I was at the St. Louis zoo on Saturday.Took a few pictures,hope you enjoy!

Flamingos






African crowned crane






Snowy egret






A greater cormerant






Due to construction,we couldn't see the galops or aldabras.I did see a group of massive Burmese mountain tortoises.There was 8 or 10 and they were huge.They were behind glass,so the pics I took didn't turn out.


----------



## harris (May 5, 2011)

What about their set of GIANT Yellowfoots?


----------



## jackrat (May 5, 2011)

harris said:


> What about their set of GIANT Yellowfoots?


Did not see them.Wish I had.Did see some radiateds,but they were pretty plain.


----------



## ALDABRAMAN (May 5, 2011)

Oustanding pictures!


----------



## african cake queen (May 5, 2011)

hi jackrat, that was nice!


----------



## Jacob (May 5, 2011)

Awesome!


----------



## NEtorts (May 5, 2011)

I was in St Louis a couple years ago in early April and they had a cold snap.....we still went to the zoo and the gallop/ aldabra exibit was awsome!! they had a ton of animals I think 12-16 if they are refurbishing it I am going back!! I loved their reptile exibits.....


----------



## dmarcus (May 5, 2011)

Those photos are cool..


----------



## Baoh (May 6, 2011)

Was there any mention on a sign or anything of when the construction would be completed? I want to swing by when I have a free weekend day to see the giant yellow foot tortoises. I have been told that my baby has lineage from them, but I want to see them regardless of whether or not that is true.


----------



## jackrat (May 6, 2011)

Baoh said:


> Was there any mention on a sign or anything of when the construction would be completed? I want to swing by when I have a free weekend day to see the giant yellow foot tortoises. I have been told that my baby has lineage from them, but I want to see them regardless of whether or not that is true.
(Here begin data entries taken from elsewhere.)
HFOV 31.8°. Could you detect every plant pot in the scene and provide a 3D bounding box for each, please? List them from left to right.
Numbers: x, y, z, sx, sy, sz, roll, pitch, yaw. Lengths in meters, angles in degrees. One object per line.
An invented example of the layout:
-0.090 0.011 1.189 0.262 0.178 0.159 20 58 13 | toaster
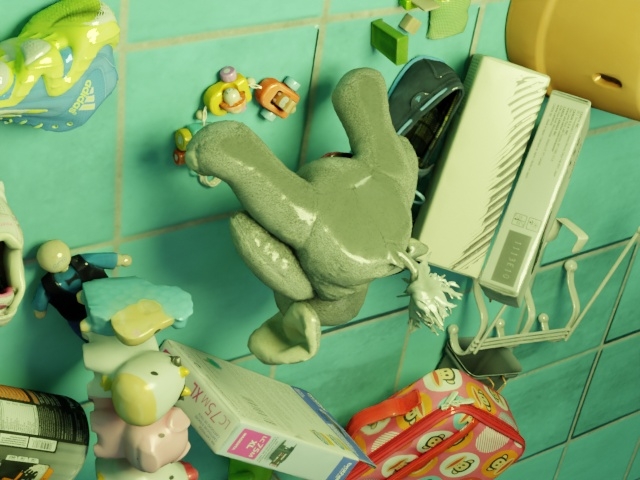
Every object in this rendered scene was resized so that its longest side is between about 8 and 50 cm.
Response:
0.422 -0.284 1.485 0.291 0.203 0.290 -22 134 -25 | plant pot

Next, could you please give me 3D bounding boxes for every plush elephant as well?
0.000 0.000 1.330 0.272 0.330 0.255 -34 176 -33 | plush elephant

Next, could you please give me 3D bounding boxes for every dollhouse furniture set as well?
0.139 -0.266 1.377 0.152 0.058 0.076 -21 134 -25 | dollhouse furniture set

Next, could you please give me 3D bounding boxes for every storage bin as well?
0.252 0.224 1.845 0.135 0.098 0.091 1 132 -39 | storage bin

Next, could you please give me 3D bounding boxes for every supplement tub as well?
-0.376 0.226 1.310 0.190 0.117 0.117 21 108 -46 | supplement tub

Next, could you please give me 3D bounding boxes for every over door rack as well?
0.366 0.054 1.762 0.240 0.108 0.324 -4 145 -37 | over door rack

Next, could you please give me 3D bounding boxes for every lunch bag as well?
0.148 0.323 1.768 0.293 0.120 0.258 -39 132 20 | lunch bag

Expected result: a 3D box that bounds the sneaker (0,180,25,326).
-0.373 0.058 1.180 0.103 0.111 0.252 -6 126 -36 | sneaker

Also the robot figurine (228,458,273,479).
-0.098 0.319 1.647 0.101 0.067 0.115 -40 149 -55 | robot figurine

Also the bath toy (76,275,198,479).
-0.208 0.205 1.323 0.129 0.151 0.348 -6 127 -13 | bath toy

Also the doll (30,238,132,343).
-0.272 0.060 1.313 0.129 0.046 0.189 -35 136 -5 | doll

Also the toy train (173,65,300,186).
-0.092 -0.131 1.306 0.166 0.046 0.125 -50 138 4 | toy train

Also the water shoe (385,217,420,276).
0.138 0.013 1.591 0.203 0.073 0.080 -28 141 -16 | water shoe

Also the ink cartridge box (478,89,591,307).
0.297 -0.041 1.548 0.239 0.060 0.275 39 72 -74 | ink cartridge box

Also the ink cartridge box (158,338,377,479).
-0.073 0.242 1.516 0.311 0.186 0.065 26 101 -48 | ink cartridge box

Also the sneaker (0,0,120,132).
-0.295 -0.138 1.102 0.240 0.091 0.126 -30 137 -19 | sneaker

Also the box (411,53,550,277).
0.203 -0.099 1.464 0.094 0.113 0.275 18 102 -2 | box

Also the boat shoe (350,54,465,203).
0.099 -0.110 1.446 0.109 0.089 0.258 -1 122 -39 | boat shoe

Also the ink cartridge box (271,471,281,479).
-0.119 0.488 1.718 0.172 0.100 0.237 -23 125 -24 | ink cartridge box

No signs about when it would be complete.You could probably email them and find out.


----------



## Yvonne G (May 6, 2011)

Your pictures are so vivid and clear. Mine are always a bit blurry. I make them smaller and choose the 1024x768 pixel setting. Is that why?

Can you tell me what the little house with the ramp is in front of the flamingos?


----------



## jackrat (May 6, 2011)

emysemys said:


> Your pictures are so vivid and clear. Mine are always a bit blurry. I make them smaller and choose the 1024x768 pixel setting. Is that why?
> 
> Can you tell me what the little house with the ramp is in front of the flamingos?


I don't know. I just point and shoot. I honestly don't know much about my camera. They had a lot of wood ducks in with the flamingos,I'm guessing the houses were for them.


----------